Education is the method of Philosophy or the process of developing Philosophers. Philosophy is impossible without ideas, and correct ideas are impossible without knowledge of facts, methods, principles and laws. Philosophy results from the application of Reason to these essential materials. Philosophy is the essential truth deduced from scientific facts by Reason.
All who would study Philosophy or be Philosophers must learn from Socrates in "The Bible of the Wise," known as Plato's Dialogues.
"And may we not say of the philosopher that he is a lover, not of a part of wisdom only, but of the whole? Yes, of the whole.
He who has a taste for every sort of knowledge and who is curious to learn and is never satisfied, may be justly termed a philosopher? Am I not right?
He said : Who, then, are true philosophers?
Those, I said, who are lovers of the vision of truth. That is also good, he said, but I should like to know what you mean ?
Those who see the absolute and eternal and immutable may be said to know, and not to have opinion only. The one love and embrace the subjects of knowledge, the other those of opinion. Those who love the truth in each thing are to be called lovers of wisdom and not lovers of opinion."—Plato's Republic, Book Y., 475-480, Jowett's translation.
Education is synonymous with the knowledge and practice of Philosophy. Intelligence is identified with devotion to truth. Knowledge infallibly leads to obedience to law. The evolution of Philosophy is indicated by the clearness of the expression of truth, and by the power of truth included in Philosophy to make Philosophers.
We are already in the period of evolution where the education of the race has become a religion to many great souls. Before this epoch, as indicated by the unreality of Philosophy, the power of theorizing ran far ahead of actual knowledge. Now that so much progress has been made in knowledge of both man and his environment, there is certainly needed a broader, deeper and higher correlation of the marvelous array of facts which have been discovered and classified as Sciences. It is the duty of Philosophers (and the ideal is that every man and woman should become a Philosopher) to keep pace with the discovery of facts and to appropriate readily every new truth which affects human life. This means Education, and Education means all this.
What is the test of genuine Education and worthy Philosophy? That which frees the soul. Slavery and vice exist in proportion to ignorance. Freedom and virtue exist in proportion to intelligence. Education is not the apparent possession of knowledge, either in a book-case or in the memory. The right use of knowledge is a measure of the real education of an individual. Education is the comprehension of the value of knowledge. Emerson says : "A new degree of intellectual power is cheap at any price." And again : "Thought is the substance for which we give days."
Education increases culture and power. Power and culture increase education. Thus, education is an evolutionary cause and an evolutionary effect. It is an involution as well as an evolution. The effect of education is to produce a greater cause which will inspire to the labor of acquiring more education. No Philosopher estimates that he has attained wisdom. He is always a lover of wisdom. He is ever seeking greater knowledge. He is ever attaining higher wisdom.

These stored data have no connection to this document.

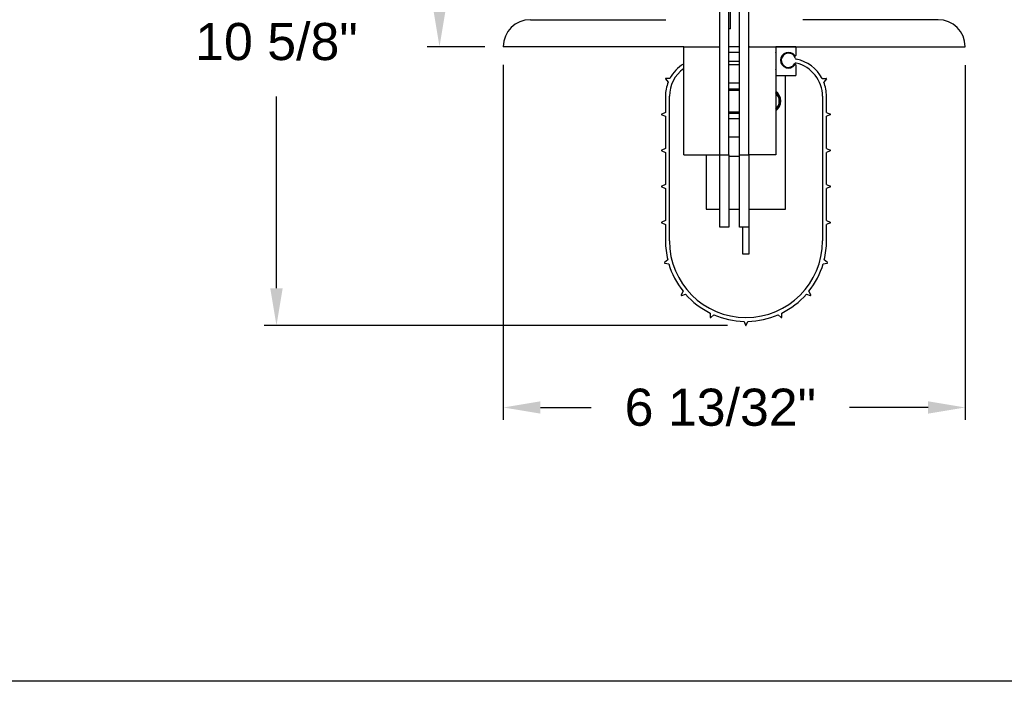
# Model space of a CAD drawing. Header units: inches. Extents: x 144.9 to 238.4, y 214.8 to 247.7.
# Tile 209 of 256: x 172.7 to 175.1, y 234.4 to 236.1. Entities that reach past the tile are written whole.
import ezdxf

# ---------------------------------------------------------------- set-up
doc = ezdxf.new("R2010")
doc.units = ezdxf.units.IN
doc.header["$LTSCALE"] = 0.25
doc.header["$MEASUREMENT"] = 0
doc.layers.add('ANNOTATIONS', color=1, linetype='Continuous')
doc.layers.add('DETAILS', color=4, linetype='Continuous')
doc.styles.add('ARIAL', font='arial.ttf', dxfattribs={"height": 0.09375})
doc.dimstyles.new('STANDARD$0', dxfattribs={"dimtxt": 0.09375, "dimasz": 0.09375, "dimexe": 0.03125, "dimexo": 0.046875, "dimgap": 0.09, "dimtad": 0, "dimtih": 1, "dimtoh": 1, "dimdec": 4, "dimzin": 0, "dimdsep": 46, "dimtxsty": 'ARIAL', "dimcen": 0.09, "dimadec": 0, "dimazin": 0, "dimtfac": 1, "dimtdec": 4, "dimtofl": 0, "dimtmove": 0, "dimatfit": 1, "dimfxl": 1, "dimtolj": 1, "dimtzin": 0, "dimarcsym": 0})

# ---------------------------------------------------------------- blocks, each defined once
blk = doc.blocks.new('*D125')
at = {"layer": 'ANNOTATIONS', "color": 0, "lineweight": -2, "transparency": 16777216}
for p, q in [((174.3775, 237.3258), (173.2734, 237.3258)), ((173.3047, 237.2321), (173.3047, 236.201)), ((173.3047, 235.4398), (173.3047, 235.9241)), ((174.4436, 235.346), (173.2734, 235.346))]:
    blk.add_line(p, q, dxfattribs=at)
at = {"layer": 'ANNOTATIONS', "color": 0, "transparency": 16777216}
for points in [[(173.289, 237.2321), (173.3203, 237.2321), (173.3047, 237.3258)], [(173.289, 235.4398), (173.3203, 235.4398), (173.3047, 235.346)]]:
    blk.add_solid(points, dxfattribs=at)
at = {"layer": 'defpoints', "color": 0, "transparency": 16777216}
for p in [(173.3047, 237.3258), (174.4244, 237.3258), (174.4904, 235.346)]:
    blk.add_point(p, dxfattribs=at)
at = {"layer": 'ANNOTATIONS', "color": 0, "transparency": 16777216, "insert": (173.3047, 236.0626), "char_height": 0.09375, "attachment_point": 5, "style": 'ARIAL'}
blk.add_mtext('\\A1;10 5/8"', dxfattribs=at)
blk = doc.blocks.new('*D126')
at = {"layer": 'ANNOTATIONS', "color": 0, "lineweight": -2, "transparency": 16777216}
for p, q in [((174.3775, 237.3258), (173.6851, 237.3258)), ((173.7164, 237.2321), (173.7164, 236.8248)), ((173.7164, 236.1438), (173.7164, 236.5511)), ((173.8307, 236.0501), (173.6851, 236.0501))]:
    blk.add_line(p, q, dxfattribs=at)
at = {"layer": 'ANNOTATIONS', "color": 0, "transparency": 16777216}
for points in [[(173.7008, 237.2321), (173.732, 237.2321), (173.7164, 237.3258)], [(173.7008, 236.1438), (173.732, 236.1438), (173.7164, 236.0501)]]:
    blk.add_solid(points, dxfattribs=at)
at = {"layer": 'defpoints', "color": 0, "transparency": 16777216}
for p in [(174.4244, 237.3258), (173.7164, 236.0501), (173.8776, 236.0501)]:
    blk.add_point(p, dxfattribs=at)
at = {"layer": 'ANNOTATIONS', "color": 0, "transparency": 16777216, "insert": (173.7164, 236.688), "char_height": 0.09375, "attachment_point": 5, "style": 'ARIAL'}
blk.add_mtext('\\A1;7"', dxfattribs=at)
blk = doc.blocks.new('*D127')
at = {"layer": 'ANNOTATIONS', "color": 0, "lineweight": -2, "transparency": 16777216}
for p, q in [((173.8776, 236.0041), (173.8776, 235.1074)), ((175.044, 236.0032), (175.044, 235.1074)), ((173.9714, 235.1387), (174.0995, 235.1387)), ((174.9503, 235.1387), (174.7519, 235.1387))]:
    blk.add_line(p, q, dxfattribs=at)
at = {"layer": 'ANNOTATIONS', "color": 0, "transparency": 16777216}
for points in [[(173.9714, 235.1543), (173.9714, 235.1231), (173.8776, 235.1387)], [(174.9503, 235.1543), (174.9503, 235.1231), (175.044, 235.1387)]]:
    blk.add_solid(points, dxfattribs=at)
at = {"layer": 'defpoints', "color": 0, "transparency": 16777216}
for p in [(173.8776, 236.0509), (175.044, 236.0501), (175.044, 235.1387)]:
    blk.add_point(p, dxfattribs=at)
at = {"layer": 'ANNOTATIONS', "color": 0, "transparency": 16777216, "insert": (174.4257, 235.1387), "char_height": 0.09375, "attachment_point": 5, "style": 'ARIAL'}
blk.add_mtext('\\A1;6 13/32"', dxfattribs=at)

msp = doc.modelspace()

# ---------------------------------------------------------------- linework, layer by layer
at = {"layer": 'defpoints'}
msp.add_lwpolyline([(190.46619, 234.44685), (169.58887, 234.44685), (169.58887, 247.18196), (190.46619, 247.18196)], close=True, dxfattribs=at)
at = {"layer": 'DETAILS'}
for p, q in [((174.42436, 235.77672), (174.42436, 237.14359)), ((174.44714, 235.77672), (174.44714, 237.14359)), ((174.47448, 235.77672), (174.47448, 237.14359)), ((174.49726, 235.77672), (174.49726, 237.14359)), ((174.4517, 236.09566), (174.4517, 236.18678)), ((173.94596, 236.11844), (174.28768, 236.11844)), ((174.97567, 236.11844), (174.63395, 236.11844)), ((174.4517, 236.09566), (174.44714, 236.09566)), ((174.33324, 236.05009), (173.87761, 236.05009)), ((174.33324, 235.77672), (174.33324, 236.05009)), ((174.33324, 236.05009), (174.42436, 236.05009)), ((174.42436, 235.77672), (174.42436, 236.05009)), ((174.47448, 236.05009), (174.44714, 236.05009)), ((174.44714, 236.03643), (174.47448, 236.03643)), ((174.49726, 235.77672), (174.49726, 236.05009)), ((174.49726, 236.05009), (174.56561, 236.05009)), ((174.61528, 236.05009), (174.56561, 236.05009)), ((174.56561, 236.05009), (174.56561, 235.77672)), ((174.56561, 236.05009), (175.04401, 236.05009)), ((174.56584, 236.0346), (174.56584, 235.99269)), ((174.6171, 236.02862), (174.6171, 236.04827)), ((174.47448, 236.01239), (174.44714, 236.01239)), ((174.47448, 236.00453), (174.44714, 236.00453)), ((174.6171, 235.97902), (174.6171, 236.00322)), ((174.28731, 235.96861), (174.29415, 235.96091)), ((174.29831, 235.96983), (174.28801, 235.97013)), ((174.44714, 235.95897), (174.47448, 235.95897)), ((174.56561, 235.97719), (174.61528, 235.97719)), ((174.59065, 235.97651), (174.56561, 235.97651)), ((174.59065, 235.63953), (174.59065, 235.97651)), ((174.68255, 235.96983), (174.69285, 235.97013)), ((174.69355, 235.96861), (174.68671, 235.96091)), ((174.47448, 235.94316), (174.44714, 235.94316)), ((174.44714, 235.94065), (174.47448, 235.94065)), ((174.47448, 235.93974), (174.44714, 235.93974)), ((174.28711, 235.9248), (174.28711, 235.88416)), ((174.29713, 235.55932), (174.29713, 235.9248)), ((174.68373, 235.9248), (174.68373, 235.55932)), ((174.69375, 235.88416), (174.69375, 235.9248)), ((174.28711, 235.88416), (174.27765, 235.88007)), ((174.44714, 235.8856), (174.47448, 235.8856)), ((174.47448, 235.88469), (174.44714, 235.88469)), ((174.44714, 235.88217), (174.47448, 235.88217)), ((174.69375, 235.88416), (174.70321, 235.88007)), ((174.27765, 235.8784), (174.28711, 235.87431)), ((174.28711, 235.87431), (174.28711, 235.79303)), ((174.47448, 235.86784), (174.44714, 235.86784)), ((174.70321, 235.8784), (174.69375, 235.87431)), ((174.69375, 235.79303), (174.69375, 235.87431)), ((174.44714, 235.82228), (174.47448, 235.82228)), ((174.28711, 235.79303), (174.27765, 235.78895)), ((174.27765, 235.78727), (174.28711, 235.78319)), ((174.28711, 235.78319), (174.28711, 235.7019)), ((174.69375, 235.79303), (174.70321, 235.78895)), ((174.70321, 235.78727), (174.69375, 235.78319)), ((174.69375, 235.7019), (174.69375, 235.78319)), ((174.33324, 235.77672), (174.42436, 235.77672)), ((174.38974, 235.77672), (174.38974, 235.63953)), ((174.42436, 235.59447), (174.42436, 235.77672)), ((174.42436, 235.77672), (174.44714, 235.77672)), ((174.44714, 235.77672), (174.44714, 235.59447)), ((174.47448, 235.77276), (174.44714, 235.77276)), ((174.47448, 235.77672), (174.49726, 235.77672)), ((174.47448, 235.59447), (174.47448, 235.77672)), ((174.56561, 235.77672), (174.49726, 235.77672)), ((174.49726, 235.77672), (174.49726, 235.59447)), ((174.28711, 235.7019), (174.27765, 235.69782)), ((174.27765, 235.69615), (174.28711, 235.69206)), ((174.28711, 235.69206), (174.28711, 235.61078)), ((174.69375, 235.7019), (174.70321, 235.69782)), ((174.70321, 235.69615), (174.69375, 235.69206)), ((174.69375, 235.61078), (174.69375, 235.69206)), ((174.38974, 235.63953), (174.42436, 235.63953)), ((174.44714, 235.63953), (174.47448, 235.63953)), ((174.44714, 235.63953), (174.47448, 235.63953)), ((174.49726, 235.63953), (174.59065, 235.63953)), ((174.28711, 235.61078), (174.27765, 235.6067)), ((174.69375, 235.61078), (174.70321, 235.6067)), ((174.27765, 235.60502), (174.28711, 235.60094)), ((174.28711, 235.60094), (174.28711, 235.55908)), ((174.28711, 235.60094), (174.28711, 235.55932)), ((174.44714, 235.59447), (174.42436, 235.59447)), ((174.49726, 235.59447), (174.47448, 235.59447)), ((174.4823, 235.52622), (174.4823, 235.59447)), ((174.49726, 235.59447), (174.49726, 235.52622)), ((174.70321, 235.60502), (174.69375, 235.60094)), ((174.69375, 235.5603), (174.69375, 235.60094)), ((174.69375, 235.55932), (174.69375, 235.60094)), ((174.29282, 235.51146), (174.28474, 235.50507)), ((174.49726, 235.52622), (174.4823, 235.52622)), ((174.69612, 235.50507), (174.68804, 235.51146)), ((174.28518, 235.50345), (174.29537, 235.50195)), ((174.68549, 235.50195), (174.69568, 235.50345)), ((174.33156, 235.43243), (174.32694, 235.42323)), ((174.32802, 235.42194), (174.33788, 235.42489)), ((174.64297, 235.42489), (174.65284, 235.42194)), ((174.65392, 235.42323), (174.6493, 235.43243)), ((174.40007, 235.37718), (174.39977, 235.36688)), ((174.40129, 235.36618), (174.40899, 235.37302)), ((174.57187, 235.37302), (174.57957, 235.36618)), ((174.58109, 235.36688), (174.58079, 235.37718)), ((174.48551, 235.35605), (174.48959, 235.3466)), ((174.49127, 235.3466), (174.49535, 235.35605))]:
    msp.add_line(p, q, dxfattribs=at)
for centre, radius, start, end in [((173.94596, 236.05009), 0.06834, 90, 180), ((174.97567, 236.05009), 0.06834, 0, 90), ((174.49909, 236.05192), 0.00182, 180, 270), ((174.56401, 236.0346), 0.00182, 0, 28.95502), ((174.59762, 236.01592), 0.01993, 35.71437, 324.28563), ((174.59762, 236.01592), 0.01804, 17.40474, 330.05294), ((174.61528, 236.04827), 0.00182, 0, 90), ((174.38324, 235.9248), 0.09614, 121.34179, 152.06604), ((174.61641, 236.0051), 0.00364, 76.8282, 150.05294), ((174.61528, 236.02862), 0.00182, 215.71437, 0), ((174.61831, 236.02241), 0.00364, 197.40474, 258.02995), ((174.59762, 235.9248), 0.08611, 0, 76.8282), ((174.59762, 235.9248), 0.09614, 27.93396, 78.02995), ((174.38324, 235.9248), 0.08611, 125.49894, 180), ((174.56401, 235.99268), 0.00182, 331.04498, 0), ((174.61528, 236.00322), 0.00182, 0, 144.28563), ((174.28799, 235.96922), 0.000911, 88.36434, 221.63566), ((174.38324, 235.9248), 0.09614, 157.93396, 180), ((174.61528, 235.97902), 0.00182, 270, 0), ((174.59762, 235.9248), 0.09614, 0, 22.06604), ((174.69287, 235.96922), 0.000911, 318.36434, 91.63566), ((174.54759, 235.91267), 0.03049, 306.20712, 53.79288), ((174.54759, 235.91267), 0.02798, 310.06962, 49.93038), ((174.54759, 235.91267), 0.02707, 311.71192, 48.28808), ((174.27801, 235.87923), 0.000911, 113.36434, 246.63566), ((174.70284, 235.87923), 0.000911, 293.36434, 66.63566), ((174.27801, 235.78811), 0.000911, 113.36434, 246.63566), ((174.70284, 235.78811), 0.000911, 293.36434, 66.63566), ((174.27801, 235.69698), 0.000911, 113.36434, 246.63566), ((174.70284, 235.69698), 0.000911, 293.36434, 66.63566), ((174.27801, 235.60586), 0.000911, 113.36434, 246.63566), ((174.27801, 235.60586), 0.000911, 113.36434, 246.63566), ((174.70284, 235.60586), 0.000911, 293.36434, 66.63566), ((174.70284, 235.60586), 0.000911, 293.36434, 66.63566), ((174.49043, 235.55932), 0.20332, 180, 193.61321), ((174.49043, 235.55932), 0.1933, 180, 0), ((174.49043, 235.55932), 0.20332, 346.38679, 0), ((174.28531, 235.50435), 0.000911, 128.36434, 261.63566), ((174.49043, 235.55932), 0.20332, 196.38679, 218.61321), ((174.49043, 235.55932), 0.20332, 321.38679, 343.61321), ((174.69555, 235.50435), 0.000911, 278.36434, 51.63566), ((174.32776, 235.42282), 0.000911, 153.36434, 286.63566), ((174.49043, 235.55932), 0.20332, 221.38679, 243.61321), ((174.49043, 235.55932), 0.20332, 296.38679, 318.61321), ((174.6531, 235.42282), 0.000911, 253.36434, 26.63566), ((174.40068, 235.36686), 0.000911, 178.36434, 311.63566), ((174.49043, 235.55932), 0.20332, 246.38679, 268.61321), ((174.49043, 235.55932), 0.20332, 271.38679, 293.61321), ((174.58017, 235.36686), 0.000911, 228.36434, 1.63566), ((174.49043, 235.34696), 0.000911, 203.36434, 336.63566)]:
    msp.add_arc(centre, radius, start, end, dxfattribs=at)

# ---------------------------------------------------------------- dimensions: what is measured, and where the dimension line sits
at = {"layer": 'ANNOTATIONS'}
for base, p1, p2, text, picture, middle in [((173.30465, 237.32584), (174.49043, 235.34605), (174.42436, 237.32584), '10 5/8"', '*D125', (173.30465, 236.06257)), ((173.71638, 236.05009), (174.42436, 237.32584), (173.87761, 236.05009), '7"', '*D126', (173.71638, 236.68797))]:
    dim = msp.add_linear_dim(base=base, p1=p1, p2=p2, angle=90, text=text, dimstyle='STANDARD$0', override={"dimpost": ''}, dxfattribs=at)
    dim.commit()
    dim.dimension.update_dxf_attribs({"geometry": picture, "text_midpoint": middle, "dimtype": 160})
dim = msp.add_linear_dim(base=(175.04401, 235.13868), p1=(173.87762, 236.05094), p2=(175.04401, 236.05009), text='6 13/32"', dimstyle='STANDARD$0', dxfattribs=at)
dim.commit()
dim.dimension.update_dxf_attribs({"geometry": '*D127', "text_midpoint": (174.42571, 235.13868), "dimtype": 160})

doc.saveas('drawing.dxf')

Notwithstanding these axiomatic truths, there exists much of reputed Philosophy which is chiefly remarkable for the immense expenditure of words upon non-essentials. The history of Philosophy furnishes a record of the development of abstractions indicating little knowledge of the real nature of man. There have been few endeavors to answer scientifically the fundamental question, What is the proper object of human thought and effort? Indeed there are few people who have yet formulated this question, given it consideration, and answered it reasonably. The proof of this is in the desires and efforts everywhere in evidence. The vast majority are so busy "earning a living" that they have no time or strength left to live adequately and properly. People are not to blame for this condition. It only indicates the development or the lack of it.
The ambition to acquire riches has a thousand devotees to one at the shrine of Wisdom. Money is a cheap God. Yet for money thousands throw away their opportunity to possess intellectual and moral wealth. "Business" is earning money to buy groceries, houses and automobiles; whereas the occupation of every person awakened to the opportunity which life affords should be to cultivate the powers of the soul. Genuine intelligence soon observes this. A developed intellect readily distinguishes between essentials and non-essentials.
Before the great mass of people can ever become awakened to a knowledge of essential truth and adapt their lives to it, Philosophy must be vitally expressed. It is the duty of those who have any real conception of the facts, the value and possibilities of man's life upon the earth to teach in a manner adapted to the common understanding. Much Philosophy is inaccessible to the people because of the profundity, or density, of its expression. This is not a very serious loss because the Philosophy which is the most valuable, can be simply and clearly expressed.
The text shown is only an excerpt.